Furthermore, we want to clarify that our results do not indicate any worse survival due to NACT. What we found was given a same pathological stage the patients with NACT had a worse survival than the patients without it. Such phenomenon are mainly due to the down stage effect of NACT [18, 19]. If removing the premise of same pathological stage, multiple previous studies have found a favorable association between NACT and overall survival for gastric cancer patients [13, 20, 21].

There are two main limitations embedded in our study. Firstly, as previously mentioned, because information on cTNM was unavailable for this study, we cannot confirm the explanation of our results. However, this does not affect the conclusion of current study, as we only considered the prognostic value of pTNM and ypTNM stage.

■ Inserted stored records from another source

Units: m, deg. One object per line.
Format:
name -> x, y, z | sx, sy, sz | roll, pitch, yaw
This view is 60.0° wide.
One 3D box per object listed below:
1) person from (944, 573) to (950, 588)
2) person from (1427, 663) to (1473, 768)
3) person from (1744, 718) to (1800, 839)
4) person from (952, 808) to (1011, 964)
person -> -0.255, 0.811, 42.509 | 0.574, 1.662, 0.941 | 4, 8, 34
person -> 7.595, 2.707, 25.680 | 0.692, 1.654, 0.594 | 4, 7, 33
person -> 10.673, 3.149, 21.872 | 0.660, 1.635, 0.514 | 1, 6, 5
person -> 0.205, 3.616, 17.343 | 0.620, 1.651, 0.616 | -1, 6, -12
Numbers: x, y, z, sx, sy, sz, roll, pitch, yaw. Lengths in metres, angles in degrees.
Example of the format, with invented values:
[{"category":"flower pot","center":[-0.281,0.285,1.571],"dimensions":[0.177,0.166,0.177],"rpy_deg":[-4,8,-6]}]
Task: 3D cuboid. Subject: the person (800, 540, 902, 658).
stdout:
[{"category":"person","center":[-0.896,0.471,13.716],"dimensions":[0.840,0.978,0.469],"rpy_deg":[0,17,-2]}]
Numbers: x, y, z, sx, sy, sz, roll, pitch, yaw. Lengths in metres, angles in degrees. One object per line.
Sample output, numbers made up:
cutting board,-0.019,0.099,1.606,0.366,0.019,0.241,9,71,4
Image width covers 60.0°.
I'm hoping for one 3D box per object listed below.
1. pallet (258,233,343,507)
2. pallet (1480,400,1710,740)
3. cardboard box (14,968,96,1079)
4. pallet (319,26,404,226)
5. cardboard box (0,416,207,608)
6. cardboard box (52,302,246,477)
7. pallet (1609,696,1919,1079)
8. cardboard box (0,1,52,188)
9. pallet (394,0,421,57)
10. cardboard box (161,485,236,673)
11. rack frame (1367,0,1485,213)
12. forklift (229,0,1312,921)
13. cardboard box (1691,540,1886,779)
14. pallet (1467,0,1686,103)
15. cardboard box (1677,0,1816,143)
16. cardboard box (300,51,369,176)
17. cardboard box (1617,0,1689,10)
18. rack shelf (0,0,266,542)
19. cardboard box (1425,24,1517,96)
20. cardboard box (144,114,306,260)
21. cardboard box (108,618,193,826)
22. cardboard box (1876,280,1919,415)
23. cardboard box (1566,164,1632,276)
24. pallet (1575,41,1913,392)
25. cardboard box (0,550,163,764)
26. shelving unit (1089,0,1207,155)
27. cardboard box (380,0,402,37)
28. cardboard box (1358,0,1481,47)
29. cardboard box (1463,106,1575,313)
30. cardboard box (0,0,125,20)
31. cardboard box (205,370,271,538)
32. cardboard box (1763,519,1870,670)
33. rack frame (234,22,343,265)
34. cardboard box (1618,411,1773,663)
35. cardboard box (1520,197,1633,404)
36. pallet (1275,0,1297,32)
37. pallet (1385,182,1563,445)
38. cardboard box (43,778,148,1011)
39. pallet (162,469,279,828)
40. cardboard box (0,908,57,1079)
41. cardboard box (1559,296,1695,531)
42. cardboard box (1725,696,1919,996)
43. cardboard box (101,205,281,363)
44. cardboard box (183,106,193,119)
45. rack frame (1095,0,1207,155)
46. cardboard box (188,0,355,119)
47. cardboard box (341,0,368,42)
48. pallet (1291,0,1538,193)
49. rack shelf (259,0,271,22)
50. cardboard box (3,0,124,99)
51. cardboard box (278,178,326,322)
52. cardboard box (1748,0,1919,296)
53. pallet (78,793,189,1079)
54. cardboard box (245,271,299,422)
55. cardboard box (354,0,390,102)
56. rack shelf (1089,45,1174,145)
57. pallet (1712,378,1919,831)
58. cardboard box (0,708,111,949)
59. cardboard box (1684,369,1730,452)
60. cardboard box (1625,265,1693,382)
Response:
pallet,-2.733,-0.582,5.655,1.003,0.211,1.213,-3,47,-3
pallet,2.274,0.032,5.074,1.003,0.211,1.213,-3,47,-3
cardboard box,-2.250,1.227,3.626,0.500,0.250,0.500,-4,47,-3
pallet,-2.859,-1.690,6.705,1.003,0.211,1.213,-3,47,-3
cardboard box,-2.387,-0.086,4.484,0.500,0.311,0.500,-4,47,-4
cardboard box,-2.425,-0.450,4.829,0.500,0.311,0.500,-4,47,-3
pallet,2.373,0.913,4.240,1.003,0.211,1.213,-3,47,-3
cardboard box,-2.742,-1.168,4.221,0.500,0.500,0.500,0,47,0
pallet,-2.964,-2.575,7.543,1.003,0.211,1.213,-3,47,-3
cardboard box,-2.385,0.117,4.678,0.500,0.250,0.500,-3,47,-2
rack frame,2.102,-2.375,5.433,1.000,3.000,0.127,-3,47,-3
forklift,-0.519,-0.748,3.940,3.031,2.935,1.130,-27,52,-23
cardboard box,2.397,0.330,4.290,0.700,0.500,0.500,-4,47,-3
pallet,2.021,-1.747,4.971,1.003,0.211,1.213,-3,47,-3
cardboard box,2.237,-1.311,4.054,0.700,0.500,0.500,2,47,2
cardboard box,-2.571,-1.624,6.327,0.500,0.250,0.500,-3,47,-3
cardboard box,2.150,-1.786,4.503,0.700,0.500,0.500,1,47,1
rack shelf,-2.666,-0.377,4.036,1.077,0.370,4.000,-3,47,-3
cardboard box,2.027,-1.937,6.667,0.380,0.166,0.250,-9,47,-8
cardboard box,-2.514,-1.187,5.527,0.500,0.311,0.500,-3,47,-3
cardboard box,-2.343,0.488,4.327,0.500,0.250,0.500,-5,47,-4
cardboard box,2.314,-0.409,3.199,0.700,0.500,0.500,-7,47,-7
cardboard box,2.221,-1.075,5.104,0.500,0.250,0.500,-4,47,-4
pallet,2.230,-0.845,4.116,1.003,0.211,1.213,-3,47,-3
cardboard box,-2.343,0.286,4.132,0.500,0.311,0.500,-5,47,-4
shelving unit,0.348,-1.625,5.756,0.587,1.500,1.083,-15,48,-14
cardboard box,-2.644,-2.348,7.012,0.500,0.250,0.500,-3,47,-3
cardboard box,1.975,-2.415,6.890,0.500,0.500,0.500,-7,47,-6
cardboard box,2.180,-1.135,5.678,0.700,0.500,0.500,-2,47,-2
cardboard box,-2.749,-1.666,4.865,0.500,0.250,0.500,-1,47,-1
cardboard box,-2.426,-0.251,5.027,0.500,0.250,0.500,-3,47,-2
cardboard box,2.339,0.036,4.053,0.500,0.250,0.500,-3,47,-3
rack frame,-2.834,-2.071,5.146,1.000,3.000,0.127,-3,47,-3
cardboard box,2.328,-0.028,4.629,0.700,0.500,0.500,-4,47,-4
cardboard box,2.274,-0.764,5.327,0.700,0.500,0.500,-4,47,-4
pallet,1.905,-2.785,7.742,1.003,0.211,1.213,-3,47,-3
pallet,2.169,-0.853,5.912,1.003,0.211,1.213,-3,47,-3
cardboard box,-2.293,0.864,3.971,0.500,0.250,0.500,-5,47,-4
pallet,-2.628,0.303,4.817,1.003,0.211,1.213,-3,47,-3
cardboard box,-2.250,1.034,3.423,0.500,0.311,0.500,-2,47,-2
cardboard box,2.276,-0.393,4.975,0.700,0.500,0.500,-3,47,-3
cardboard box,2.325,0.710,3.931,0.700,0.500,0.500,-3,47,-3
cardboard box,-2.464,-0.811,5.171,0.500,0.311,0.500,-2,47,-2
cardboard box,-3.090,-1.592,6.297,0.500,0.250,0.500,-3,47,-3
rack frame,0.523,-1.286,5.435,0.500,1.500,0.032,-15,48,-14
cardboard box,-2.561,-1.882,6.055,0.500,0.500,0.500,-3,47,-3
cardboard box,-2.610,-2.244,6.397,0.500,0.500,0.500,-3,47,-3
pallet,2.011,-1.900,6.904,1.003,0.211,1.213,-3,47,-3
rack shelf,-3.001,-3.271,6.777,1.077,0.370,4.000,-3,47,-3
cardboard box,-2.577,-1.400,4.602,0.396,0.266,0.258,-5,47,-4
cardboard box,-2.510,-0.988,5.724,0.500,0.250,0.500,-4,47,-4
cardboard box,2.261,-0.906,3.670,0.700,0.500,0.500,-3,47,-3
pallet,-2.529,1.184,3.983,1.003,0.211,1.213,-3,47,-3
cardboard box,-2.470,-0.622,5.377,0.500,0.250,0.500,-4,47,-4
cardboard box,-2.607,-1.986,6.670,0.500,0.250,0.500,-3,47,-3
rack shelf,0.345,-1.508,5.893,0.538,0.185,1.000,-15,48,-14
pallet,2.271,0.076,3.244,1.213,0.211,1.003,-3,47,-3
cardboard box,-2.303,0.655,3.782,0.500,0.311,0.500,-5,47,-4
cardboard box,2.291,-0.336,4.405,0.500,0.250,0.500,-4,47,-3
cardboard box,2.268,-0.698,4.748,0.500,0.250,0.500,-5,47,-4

Secondly, Borrmann type has been considered as an important prognostic factor of gastric cancer and is one of the indications of NACT in countries such as Japan. Due to the lack of information, this factor was not included in the propensity score or the conventional multivariate analysis. However, given that NACT indications in China do not contain patient Borrmann type, omitting this factor will not introduce bias to the HR estimation.

To sum up, the prognostic implication of ypTNM is different from that of pTNM stage. In particular, patients with specific ypTNM stage had worse prognosis compared to those at the same pathological stage defined by pTNM. Such difference differed by TNM stage. Our findings should be taken into account when predicting the prognosis of and deciding postoperative treatment for patients with NACT using ypTNM.